Burns v. Thompson

Hughes, J.

This is an appeal from a judgment for $68.50 against School District No. 41 of the county of Johnson, in favor of the appellee, for services rendered by appellee in teaching a summer school of two months’ duration, under a contract therefor made by two of the three school directors of said dis - trict, at a called meeting of the board of school directors of said district, one of the three directors composing the board being absent from the meeting. The evidence in the case tends to show, on the one hand, that the absent director (Brown) was, on the day before the meeting, notified verbally of the time, the place and the purpose of the meeting, while Brown, the member of the board who did not attend the meeting, testifies that he was not notified of the meeting.

The question to be decided in this case - is, was the meeting a lawful meeting of the board of school directors of district 41f Was the notice of the meeting sufficient? The school directors could act only as a board, and could not bind the district by their action as individuals. School District v. Bennett, 52 Ark. 511. “It is undoubtedly true * * * that the corporate authority must be exercised by the proper body. The members of the board of' directors of a common school distinct are not only not the municipal corporation, but are not even a corporation.” The “affairs of a corporation must be transacted at a corporate meeting.” 1 Dillon, Mun. Corp. (4 Ed.) §§ 259, 274. There is no question that notice of the time and place of a called meeting must be given, if practicable, to every member who has a right to vote. 1 Dillon, Mun. Corp. § 263; School District v. Bennett, 52 Ark. 511. “All corporators are presumed to know of the days appointed by the charter, usage or by-laws for the transaction of particular business, and hence no notice of such meeting for the transaction of such business is necessary, or for the transaction of the mere ordinary affairs of the corporation on such days; yet, if it is intended to proceed to any other act of importance, a notice is necessary, the same as at any other time.” 1 Dillon, Mun. Corp.-§ 262. If the charter or the statute provides a method by which the notice shall be served, its provisions must be strictly obeyed. 1 Dillon, Mun. Corp. §§ 263, 268.

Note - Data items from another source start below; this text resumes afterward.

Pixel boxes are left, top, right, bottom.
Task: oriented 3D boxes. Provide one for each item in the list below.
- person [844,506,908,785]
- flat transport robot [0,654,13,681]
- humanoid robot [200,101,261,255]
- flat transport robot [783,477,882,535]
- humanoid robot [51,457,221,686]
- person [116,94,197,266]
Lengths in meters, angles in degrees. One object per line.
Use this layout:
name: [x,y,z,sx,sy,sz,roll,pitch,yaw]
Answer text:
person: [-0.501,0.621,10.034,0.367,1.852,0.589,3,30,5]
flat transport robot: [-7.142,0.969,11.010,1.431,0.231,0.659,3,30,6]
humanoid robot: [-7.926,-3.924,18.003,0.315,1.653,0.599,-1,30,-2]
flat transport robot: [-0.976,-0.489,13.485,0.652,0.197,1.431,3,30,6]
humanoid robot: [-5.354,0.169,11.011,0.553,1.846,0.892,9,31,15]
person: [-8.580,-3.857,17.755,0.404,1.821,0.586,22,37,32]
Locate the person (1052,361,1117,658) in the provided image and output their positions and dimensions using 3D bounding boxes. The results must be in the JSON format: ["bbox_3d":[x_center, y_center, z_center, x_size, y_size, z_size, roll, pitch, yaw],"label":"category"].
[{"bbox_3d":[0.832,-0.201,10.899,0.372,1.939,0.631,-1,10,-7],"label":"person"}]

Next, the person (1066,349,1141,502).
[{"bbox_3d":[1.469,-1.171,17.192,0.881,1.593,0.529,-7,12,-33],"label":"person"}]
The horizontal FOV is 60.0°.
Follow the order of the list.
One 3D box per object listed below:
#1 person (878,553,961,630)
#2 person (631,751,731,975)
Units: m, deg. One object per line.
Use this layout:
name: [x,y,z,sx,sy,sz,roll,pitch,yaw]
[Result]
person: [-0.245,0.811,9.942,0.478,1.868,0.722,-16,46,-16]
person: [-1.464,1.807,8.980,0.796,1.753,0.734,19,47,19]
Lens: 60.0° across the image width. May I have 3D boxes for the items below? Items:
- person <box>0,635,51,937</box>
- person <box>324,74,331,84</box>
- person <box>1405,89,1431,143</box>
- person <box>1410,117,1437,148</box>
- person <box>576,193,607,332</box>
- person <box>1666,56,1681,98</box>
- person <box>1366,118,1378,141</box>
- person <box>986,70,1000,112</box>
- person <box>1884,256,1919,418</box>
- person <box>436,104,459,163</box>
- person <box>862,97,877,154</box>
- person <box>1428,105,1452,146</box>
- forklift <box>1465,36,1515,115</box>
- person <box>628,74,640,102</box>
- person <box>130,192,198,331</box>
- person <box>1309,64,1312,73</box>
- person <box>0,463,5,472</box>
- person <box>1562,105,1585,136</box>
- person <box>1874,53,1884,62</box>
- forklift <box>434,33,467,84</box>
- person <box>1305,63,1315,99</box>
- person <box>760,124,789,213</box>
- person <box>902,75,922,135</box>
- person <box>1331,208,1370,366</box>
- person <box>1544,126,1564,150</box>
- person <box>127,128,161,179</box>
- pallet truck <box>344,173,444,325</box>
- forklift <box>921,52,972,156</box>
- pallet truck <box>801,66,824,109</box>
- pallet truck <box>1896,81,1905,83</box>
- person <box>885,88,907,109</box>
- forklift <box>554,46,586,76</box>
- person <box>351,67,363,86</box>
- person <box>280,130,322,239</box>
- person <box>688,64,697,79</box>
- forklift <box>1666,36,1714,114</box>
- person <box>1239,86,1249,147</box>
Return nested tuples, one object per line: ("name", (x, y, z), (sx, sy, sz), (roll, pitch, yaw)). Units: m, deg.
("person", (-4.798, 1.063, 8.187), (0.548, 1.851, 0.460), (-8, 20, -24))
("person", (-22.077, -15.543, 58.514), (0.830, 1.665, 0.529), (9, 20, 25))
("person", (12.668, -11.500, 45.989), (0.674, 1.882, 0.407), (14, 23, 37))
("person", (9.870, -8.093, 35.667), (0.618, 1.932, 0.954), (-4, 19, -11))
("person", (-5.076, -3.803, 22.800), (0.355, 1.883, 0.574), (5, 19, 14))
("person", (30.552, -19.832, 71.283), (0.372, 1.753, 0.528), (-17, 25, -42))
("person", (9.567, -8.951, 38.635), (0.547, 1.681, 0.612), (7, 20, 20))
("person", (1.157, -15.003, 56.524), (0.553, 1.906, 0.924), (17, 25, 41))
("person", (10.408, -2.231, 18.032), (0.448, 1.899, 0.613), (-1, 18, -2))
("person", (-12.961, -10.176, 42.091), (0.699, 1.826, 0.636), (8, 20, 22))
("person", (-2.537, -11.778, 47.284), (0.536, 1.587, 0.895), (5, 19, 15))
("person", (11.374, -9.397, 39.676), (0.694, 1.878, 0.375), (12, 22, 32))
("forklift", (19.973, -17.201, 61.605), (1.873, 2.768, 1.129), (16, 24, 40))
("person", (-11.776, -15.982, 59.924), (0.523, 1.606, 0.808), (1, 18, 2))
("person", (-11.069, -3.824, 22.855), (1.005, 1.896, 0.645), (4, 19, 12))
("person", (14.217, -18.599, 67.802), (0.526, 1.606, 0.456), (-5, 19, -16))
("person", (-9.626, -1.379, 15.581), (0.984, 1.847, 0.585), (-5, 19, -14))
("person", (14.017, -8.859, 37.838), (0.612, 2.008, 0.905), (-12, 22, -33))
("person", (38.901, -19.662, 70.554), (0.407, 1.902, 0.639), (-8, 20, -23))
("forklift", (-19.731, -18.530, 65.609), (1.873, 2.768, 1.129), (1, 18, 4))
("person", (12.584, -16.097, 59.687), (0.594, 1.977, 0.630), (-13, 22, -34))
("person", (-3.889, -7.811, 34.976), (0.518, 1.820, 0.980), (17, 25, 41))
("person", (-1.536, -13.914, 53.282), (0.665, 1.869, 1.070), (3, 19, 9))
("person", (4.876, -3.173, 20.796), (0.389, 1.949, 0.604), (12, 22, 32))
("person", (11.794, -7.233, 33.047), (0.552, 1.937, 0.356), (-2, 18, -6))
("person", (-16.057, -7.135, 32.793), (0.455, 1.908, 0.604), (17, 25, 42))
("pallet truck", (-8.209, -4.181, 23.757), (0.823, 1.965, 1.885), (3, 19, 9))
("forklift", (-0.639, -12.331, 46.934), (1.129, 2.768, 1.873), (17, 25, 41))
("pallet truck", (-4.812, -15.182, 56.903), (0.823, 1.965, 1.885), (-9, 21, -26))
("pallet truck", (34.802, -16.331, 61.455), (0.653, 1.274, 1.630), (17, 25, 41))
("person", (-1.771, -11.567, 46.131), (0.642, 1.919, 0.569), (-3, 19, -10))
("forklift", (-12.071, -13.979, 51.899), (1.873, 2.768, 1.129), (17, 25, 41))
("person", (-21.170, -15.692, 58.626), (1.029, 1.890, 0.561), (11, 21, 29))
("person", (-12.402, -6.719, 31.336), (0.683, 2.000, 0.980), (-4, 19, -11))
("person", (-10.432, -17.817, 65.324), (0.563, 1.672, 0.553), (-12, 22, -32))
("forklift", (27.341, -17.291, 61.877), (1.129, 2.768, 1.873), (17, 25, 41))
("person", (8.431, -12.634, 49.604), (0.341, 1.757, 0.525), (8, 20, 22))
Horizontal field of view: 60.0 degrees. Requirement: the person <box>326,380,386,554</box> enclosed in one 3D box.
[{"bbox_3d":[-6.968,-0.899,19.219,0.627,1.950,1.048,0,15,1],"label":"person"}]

By the English municipal corporation act, “due notice of the time and place of a corporate meeting is, by the English law, essential to its validity, or its power to do any act which shall bind the corporation” (1 Dillon, Mun. Corp. § 262), and the “subject of meetings, stated and special, and the notice and summons required, are made matters of express regulation.” Id. § 265. So, many of the American states have regulated by statute the manner of giving notice, and it is generally required, it seems, by these statutes that the notice must be in writing, and the courts in this country seem generally, so far as we know, to have followed, in this behalf, the rules adopted in England. 1 Dillon, Mun. Corp. § 262.

Our statute is silent on the question whether a notice of the call meeting of a municipal corporation shall be in writing.' But we are of the opinion that when an official notice is required to be given of such a meeting, it is contemplated that it shall be in writing, and that it shall state the time, place and purpose of the meeting. The notice of the meeting at which the contract sued upon in this case was made was not so given, and the meeting was therefore not a corporate meeting; and the contract is invalid, so far as the corporation is concerned.

We think this case illustrates the necessity of strictness and certainty in regard to the notice of call meetings of municipal corporate bodies, which are the representatives of the interest of, and the agents to transact business for, the public, in matters committed to their charge.

The judgment is reversed, and the cause is dismissed.